Within the entries below, find every line that has the string "making", then copy it.

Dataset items
___
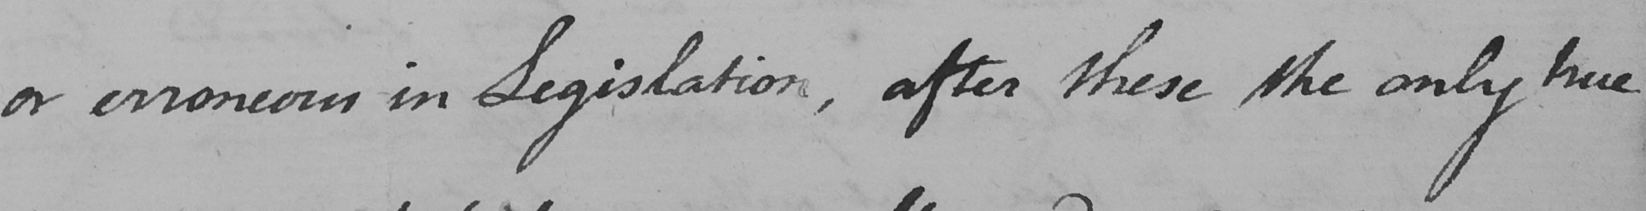What is written in this line of handwriting? or erroneous in Legislation , after these the only true 
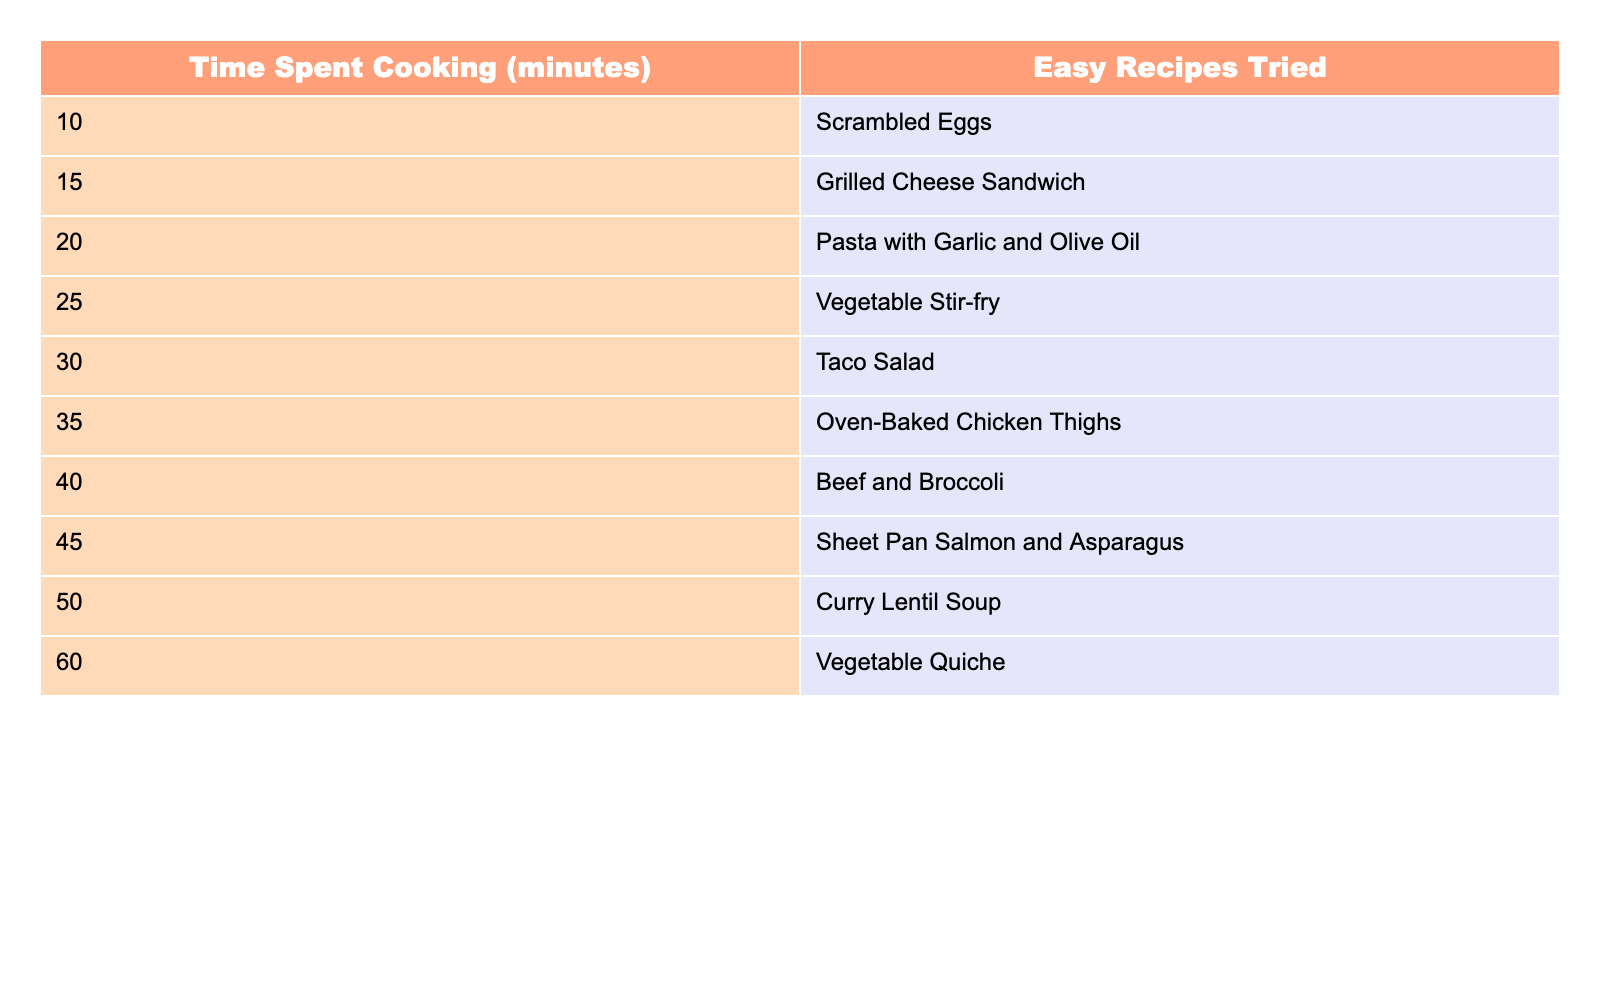What easy recipe requires 25 minutes of cooking? Referring to the table, the recipe listed under 25 minutes is "Vegetable Stir-fry."
Answer: Vegetable Stir-fry How many minutes are needed to try "Curry Lentil Soup"? According to the table, "Curry Lentil Soup" takes 50 minutes to make.
Answer: 50 minutes What is the longest cooking time in this table? The longest cooking time in the table is 60 minutes for "Vegetable Quiche."
Answer: 60 minutes How many easy recipes are tried in less than 30 minutes? The table lists 5 recipes with cooking times less than 30 minutes: "Scrambled Eggs," "Grilled Cheese Sandwich," "Pasta with Garlic and Olive Oil," "Vegetable Stir-fry," and "Taco Salad."
Answer: 5 recipes Is it true that making "Oven-Baked Chicken Thighs" takes more time than "Taco Salad"? "Oven-Baked Chicken Thighs" takes 35 minutes, while "Taco Salad" takes 30 minutes. Therefore, it is true that it takes more time.
Answer: Yes What is the average cooking time for all the easy recipes in the table? Summing the cooking times: 10 + 15 + 20 + 25 + 30 + 35 + 40 + 45 + 50 + 60 = 325 minutes. Dividing by 10 (number of recipes) gives an average of 32.5 minutes.
Answer: 32.5 minutes What is the difference in cooking time between "Beef and Broccoli" and "Sheet Pan Salmon and Asparagus"? "Beef and Broccoli" takes 40 minutes, and "Sheet Pan Salmon and Asparagus" takes 45 minutes. The difference is 5 minutes, calculated as 45 - 40 = 5.
Answer: 5 minutes How many easy recipes are there that take 40 minutes or more? There are 4 recipes that take 40 minutes or more: "Beef and Broccoli," "Sheet Pan Salmon and Asparagus," "Curry Lentil Soup," and "Vegetable Quiche."
Answer: 4 recipes Does making "Pasta with Garlic and Olive Oil" take less time than making "Vegetable Quiche"? "Pasta with Garlic and Olive Oil" takes 20 minutes, while "Vegetable Quiche" takes 60 minutes. So it is true that Pasta takes less time.
Answer: Yes If I wanted to make two recipes that total 70 minutes, which pairs could I choose? The pairs could be "Beef and Broccoli" (40 minutes) & "Oven-Baked Chicken Thighs" (35 minutes), or "Vegetable Stir-fry" (25 minutes) & "Curry Lentil Soup" (50 minutes), totaling to 70 minutes.
Answer: Beef and Broccoli + Oven-Baked Chicken Thighs or Vegetable Stir-fry + Curry Lentil Soup 
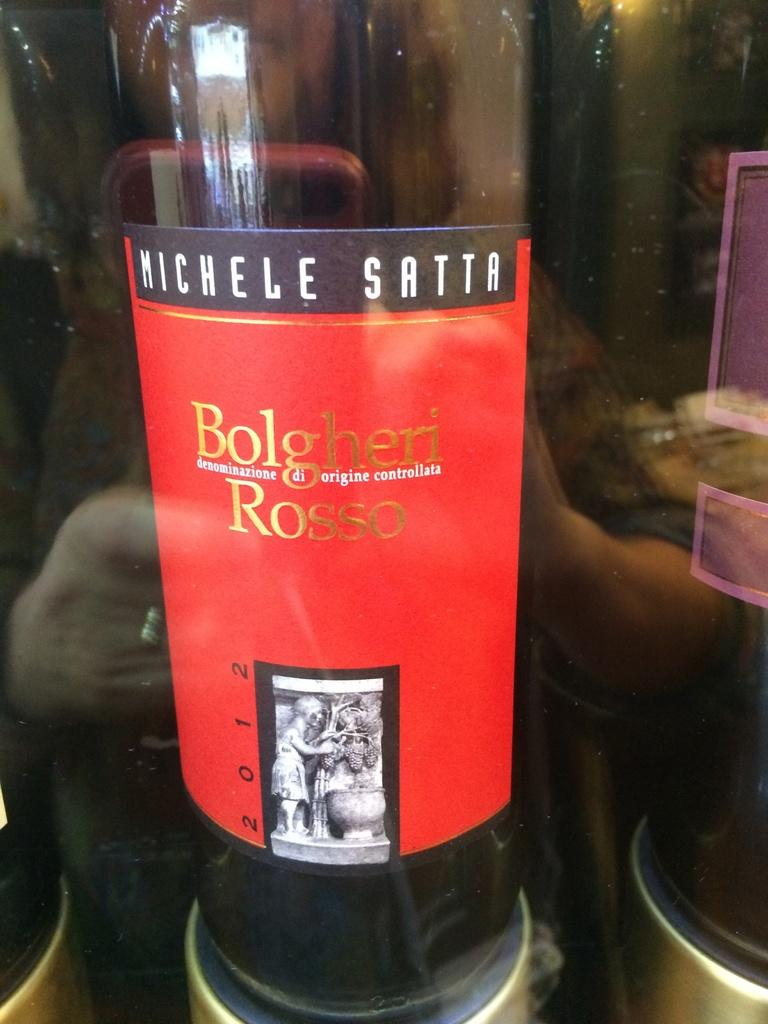<image>
Present a compact description of the photo's key features. Mostly empty bottle of Michelle Satta Bolgheri Rosso wine from 2012. 
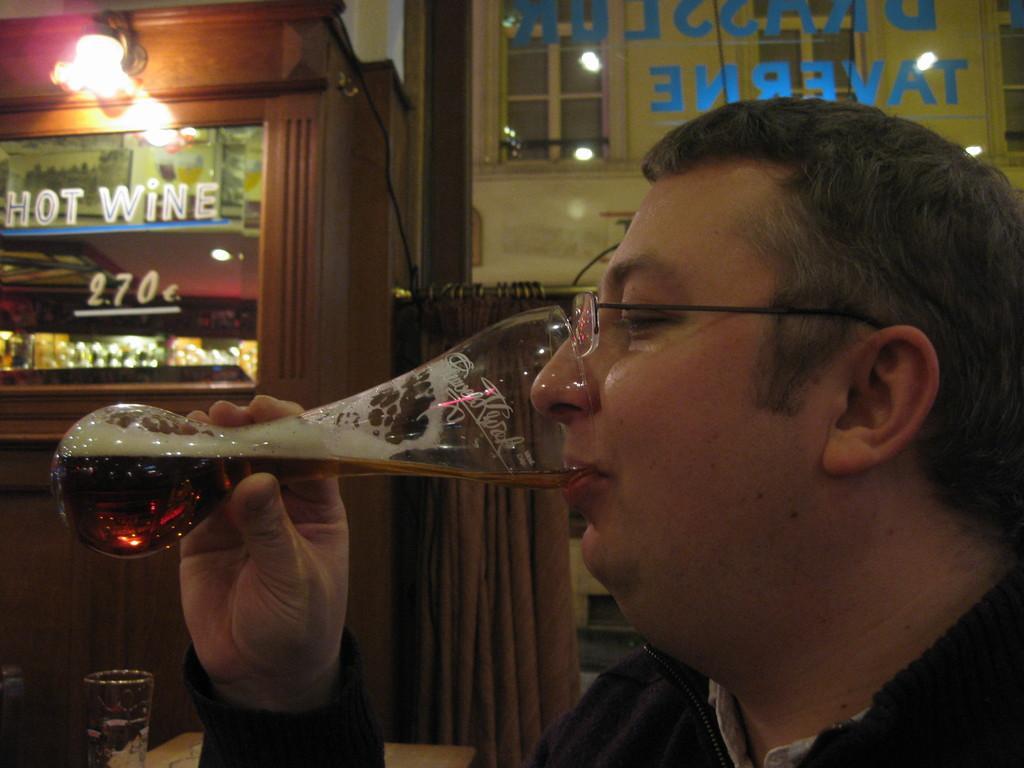Describe this image in one or two sentences. In this Image I see man who is holding the glass and I see that the glass is near his mouth. In the background I see a shop, curtain, glass and the light. 
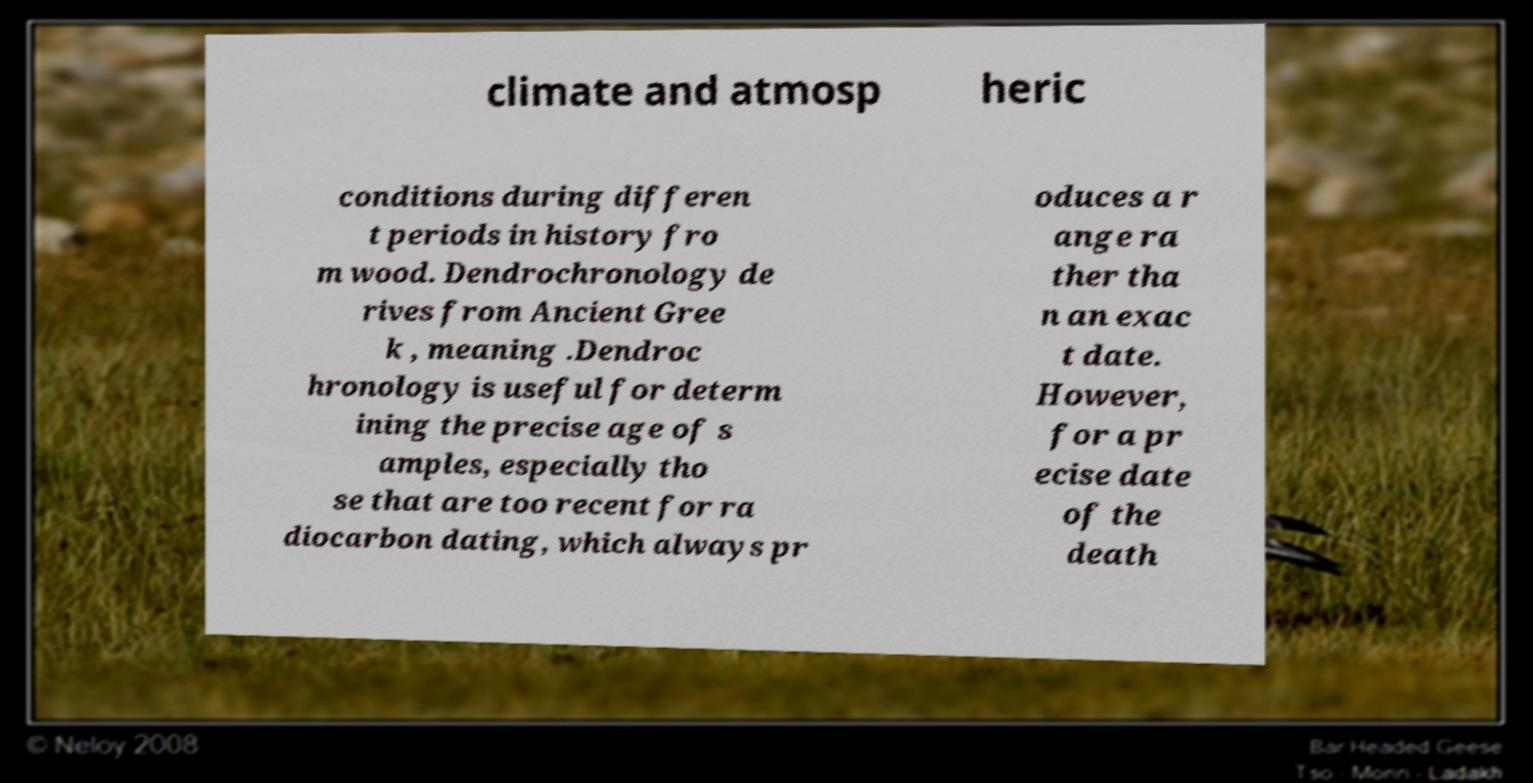I need the written content from this picture converted into text. Can you do that? climate and atmosp heric conditions during differen t periods in history fro m wood. Dendrochronology de rives from Ancient Gree k , meaning .Dendroc hronology is useful for determ ining the precise age of s amples, especially tho se that are too recent for ra diocarbon dating, which always pr oduces a r ange ra ther tha n an exac t date. However, for a pr ecise date of the death 
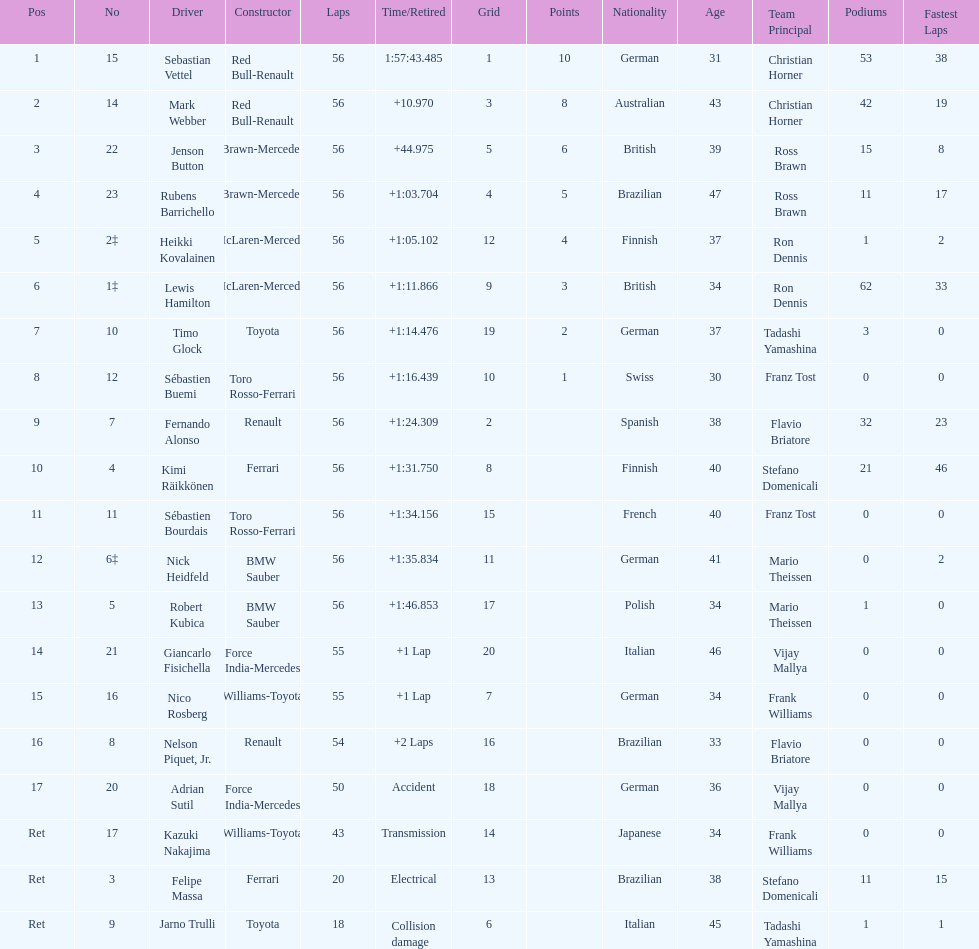How many laps in total is the race? 56. 
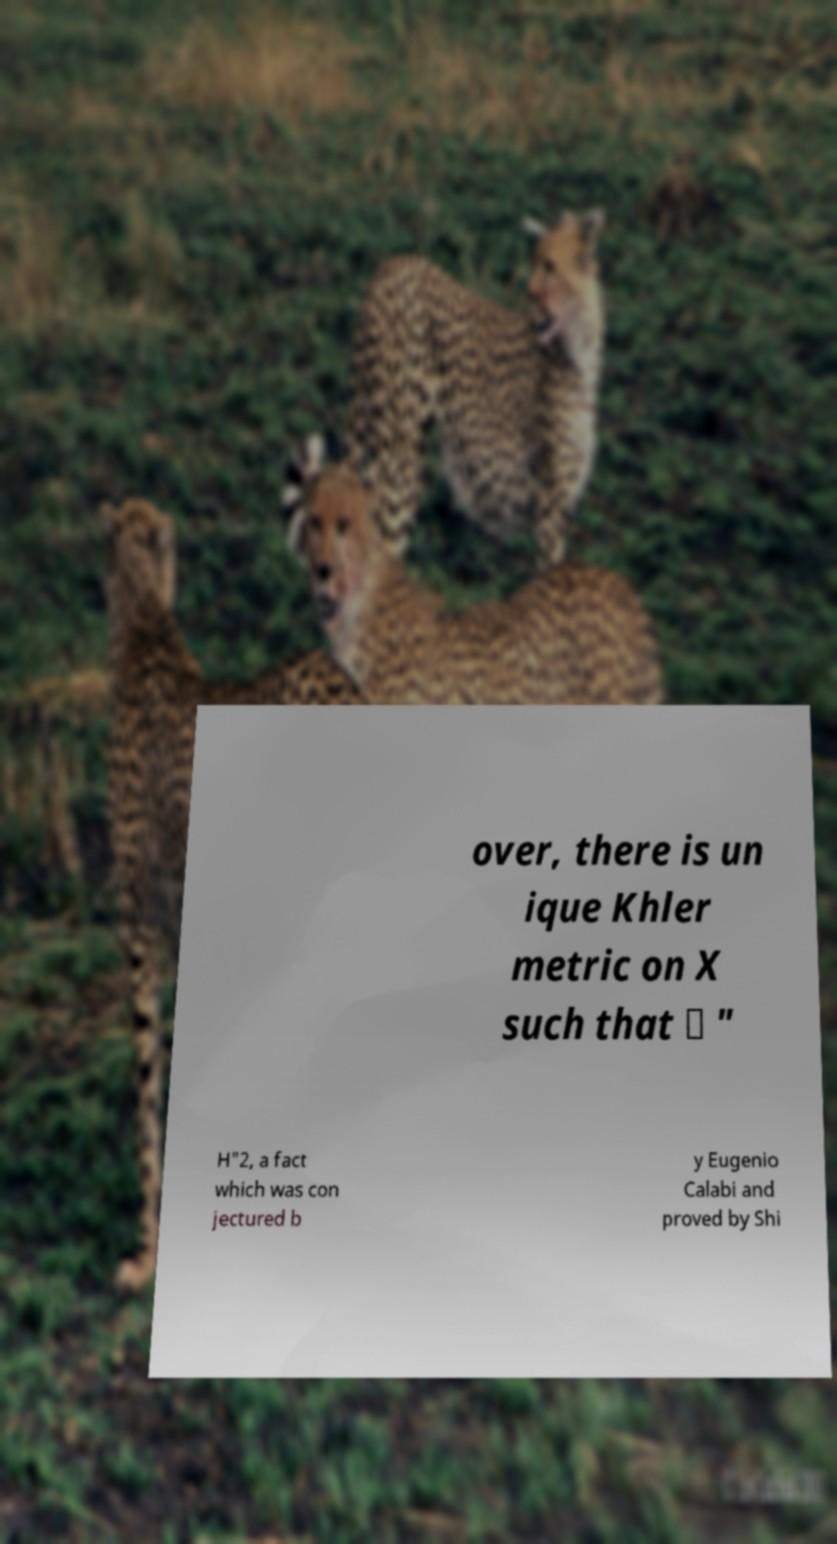Can you read and provide the text displayed in the image?This photo seems to have some interesting text. Can you extract and type it out for me? over, there is un ique Khler metric on X such that ∈ " H"2, a fact which was con jectured b y Eugenio Calabi and proved by Shi
___
Response below:
Answer: 5 recipes Is it true that making "Oven-Baked Chicken Thighs" takes more time than "Taco Salad"? "Oven-Baked Chicken Thighs" takes 35 minutes, while "Taco Salad" takes 30 minutes. Therefore, it is true that it takes more time.
Answer: 4 recipes Does making "Pasta with Garlic and Olive Oil" take less time than making "Vegetable Quiche"? "Pasta with Garlic and Olive Oil" takes 20 minutes, while "Vegetable Quiche" takes 60 minutes. So it is true that Pasta takes less time.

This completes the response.